FIG. 5C shows the pump assembly 400 in a further pump assembly step, wherein the fluid end assembly 420 is positioned adjacent to, e.g., in front of, the spacer frame assembly 440 after the spacer frame 440 has been mounted to the power end 410 as described with respect to FIG. 5B above. The fluid end assembly 420 may include a block or pump housing 421 having a plurality of bore formed therethrough, such as the access bores 429 and the discharge bores 417 shown in FIG. 5C, as well as suction bores 438 and plunger bores 437 (not shown in FIG. 5C; see, FIGS. 6C, 6G and 6J). Additionally, the pump housing 421 includes a fluid outlet bore 428, which may be in fluid communication with each of the discharge bores 417. Although not shown in FIG. 5C, a fully assembled pump fluid end 420 would typically including an access cover or access bore plug 431 positioned in each access bore 429, as well as a discharge bore plug 432 (see, FIGS. 6C and 6G) positioned in each discharge bore 417 (see, FIGS. 6C and 6G).

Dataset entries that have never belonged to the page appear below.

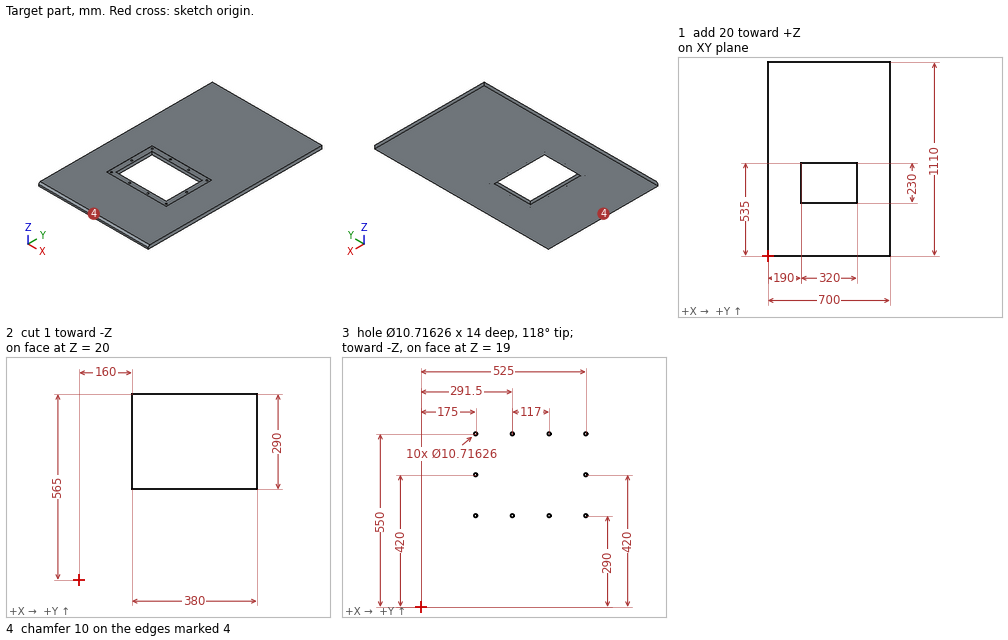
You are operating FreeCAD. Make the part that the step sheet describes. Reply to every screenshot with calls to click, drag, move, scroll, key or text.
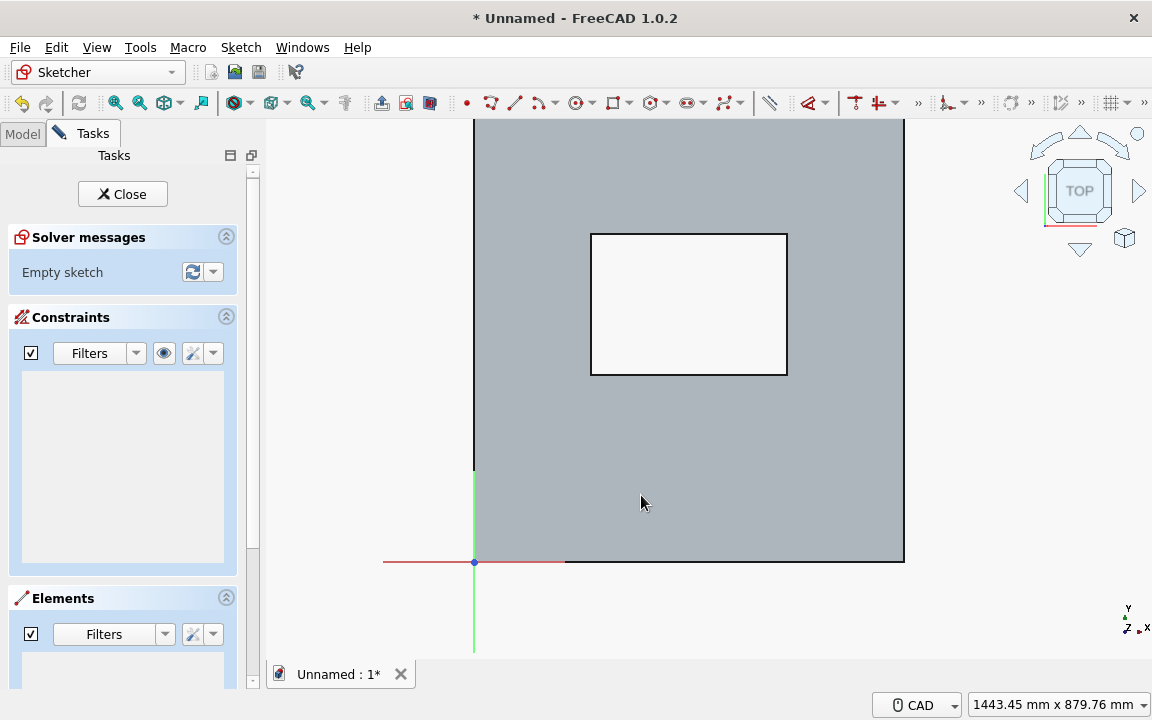
click(614, 104)
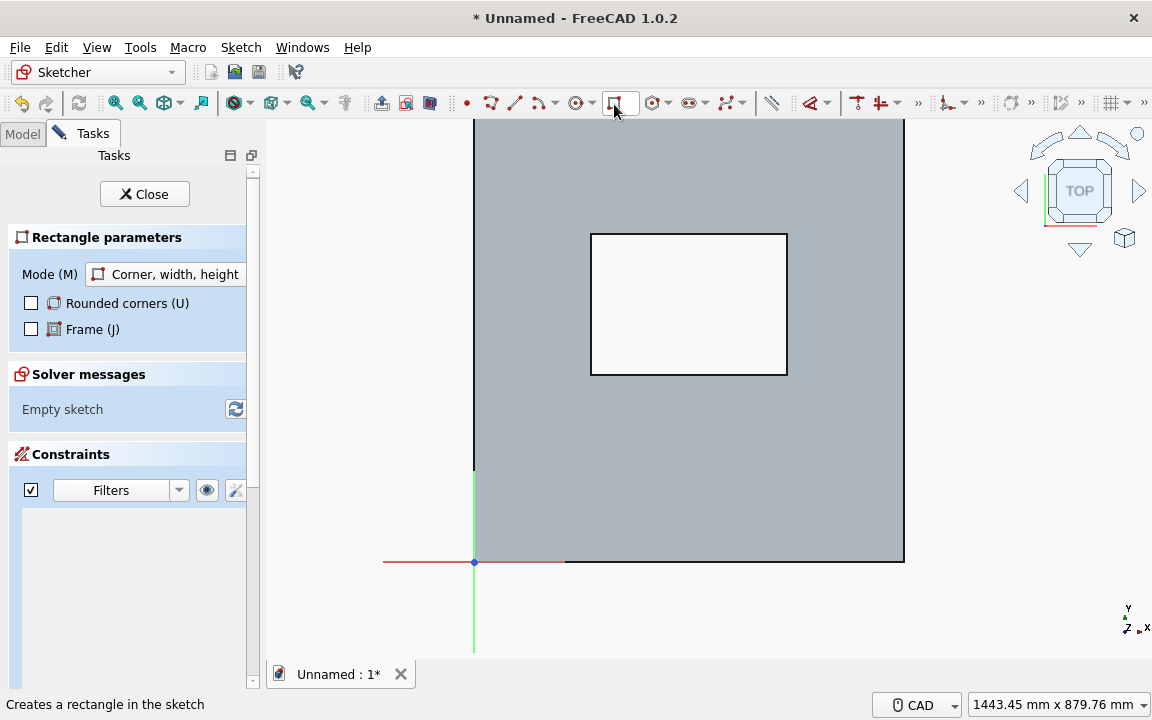
click(572, 215)
move(806, 393)
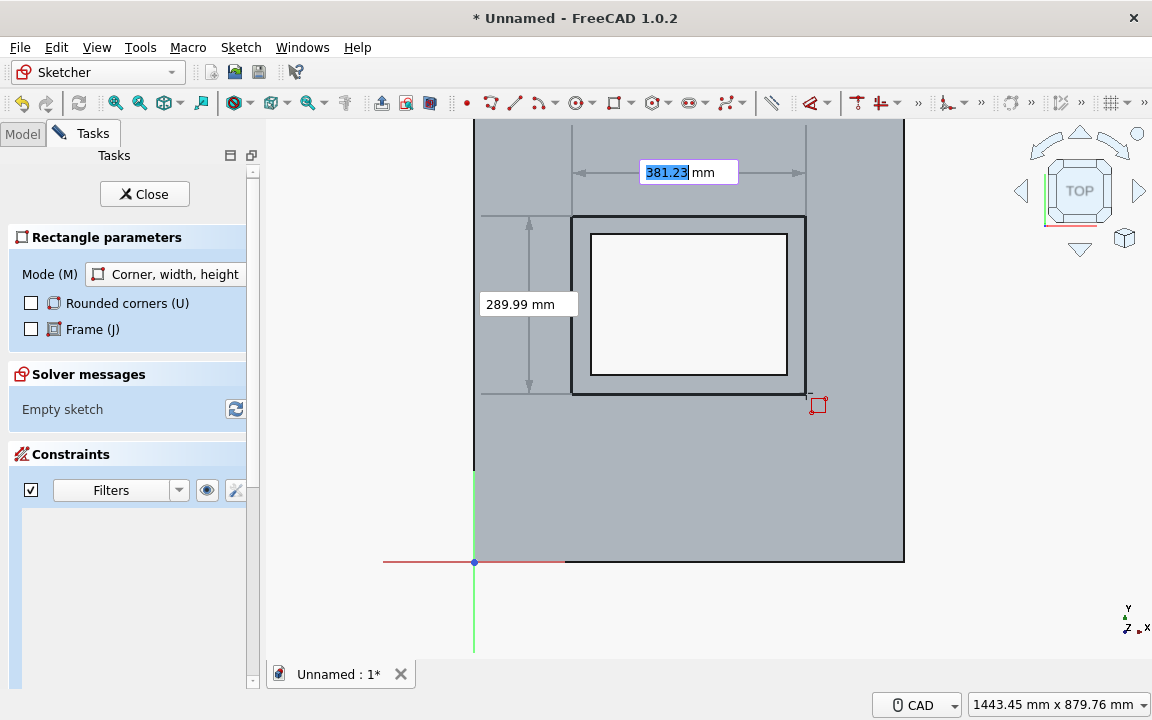
text(380)
key(Tab)
text(290)
key(Return)
key(Escape)
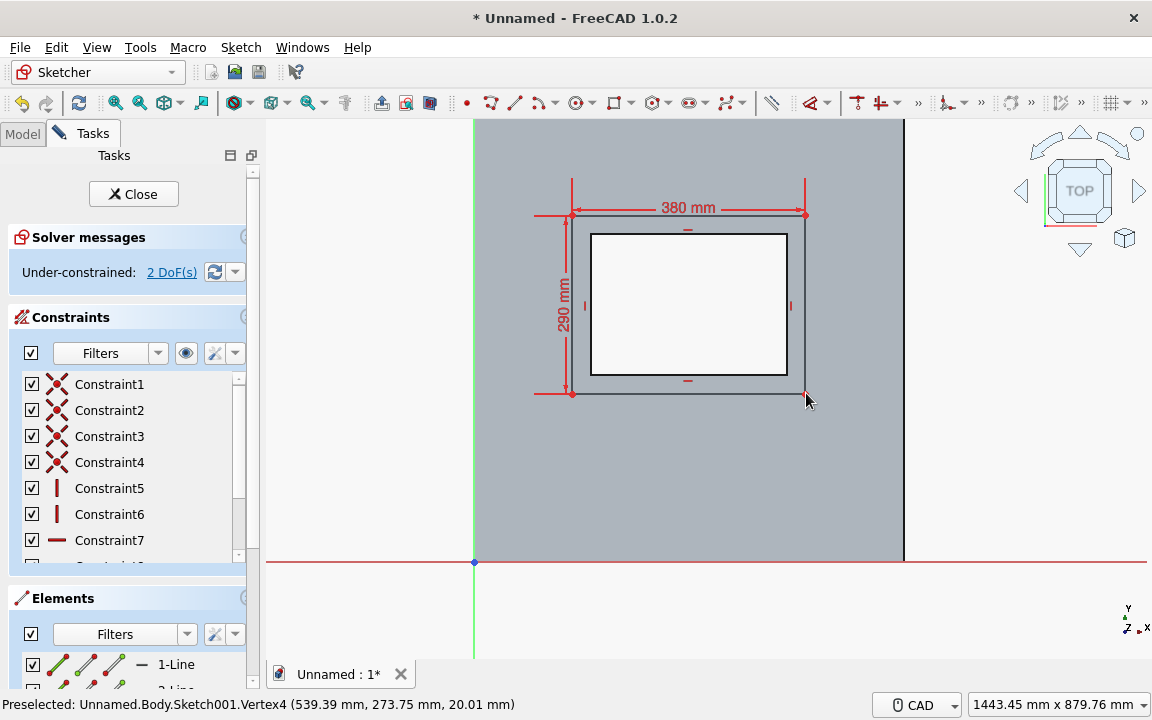
click(810, 104)
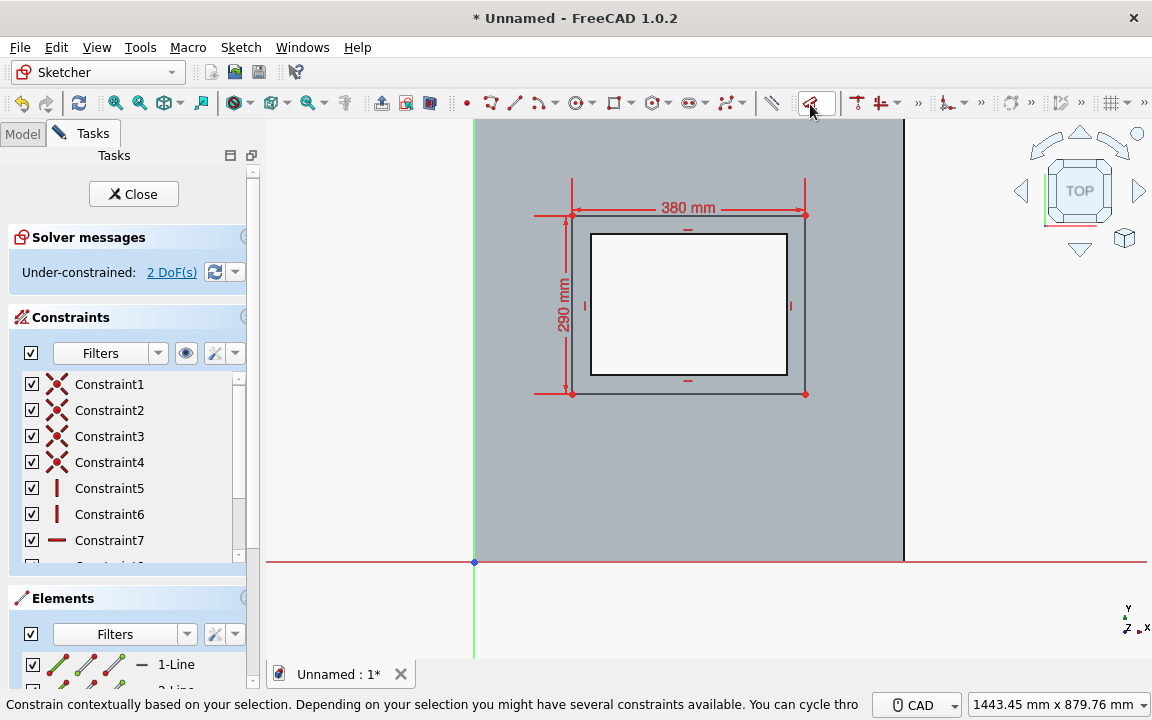
click(572, 216)
click(523, 596)
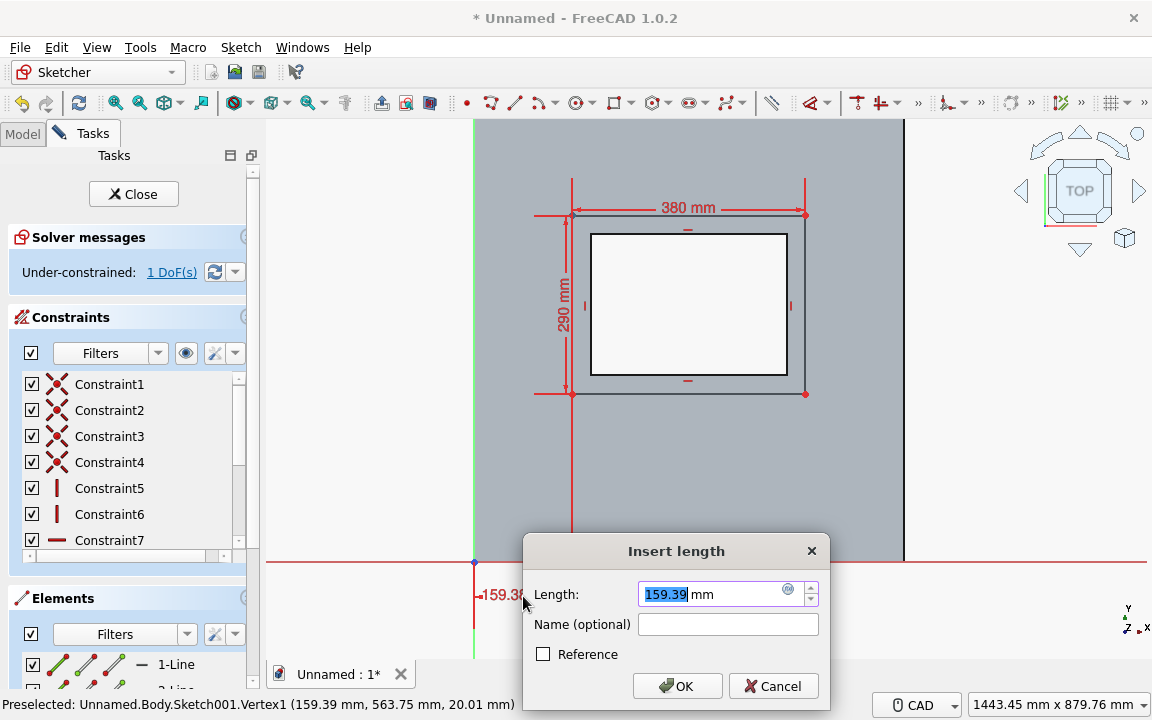
text(160)
key(Return)

In some embodiments disclosed herein, the fluid end assembly 420 may include a clamping boss 430 extending from the back side of the pump housing 421, i.e., from the side of the pump housing 421 that will be directly mounted to the spacer frame assembly 440 in a manner that will be further described below. The clamping boss 430 may include a plurality of upper clamping lips 425 that, in the pump orientation shown in FIG. 5C, protrude in an upward direction from the clamp boss 430, and a plurality of lower clamping lips 427 that protrude in a downward direction from the clamp boss 430, such that the upper clamping lips 425 are diametrically opposed to the lower clamping lips 427 relative to the respective plunger bores 437. As shown in FIG. 5C, each of the upper clamping lips 425 have a backside tapered clamping face 425t, i.e., on a face that is opposite of the spacer frame assembly 440. Similarly, each of the lower clamping lips 427 have a backside tapered clamping face 427t. In certain embodiments, the tapered clamping face 425t is adapted to slidingly engage with a correspondingly tapered clamping face 462t of a clamp bar 462 (not shown in FIG. 5C; see, FIGS. 5E, 6C and 6G) and the tapered clamping face 427t is adapted to slidingly engage with a correspondingly tapered clamping face 450t (not shown; see, FIGS. 6C-6G) of the lower clamping rail 450 when the clamping assembly 460 (not shown; see, FIGS. 5E and 5F) is used to removably clamp the fluid end assembly 420 to the spacer frame assembly 440, as will be further described below.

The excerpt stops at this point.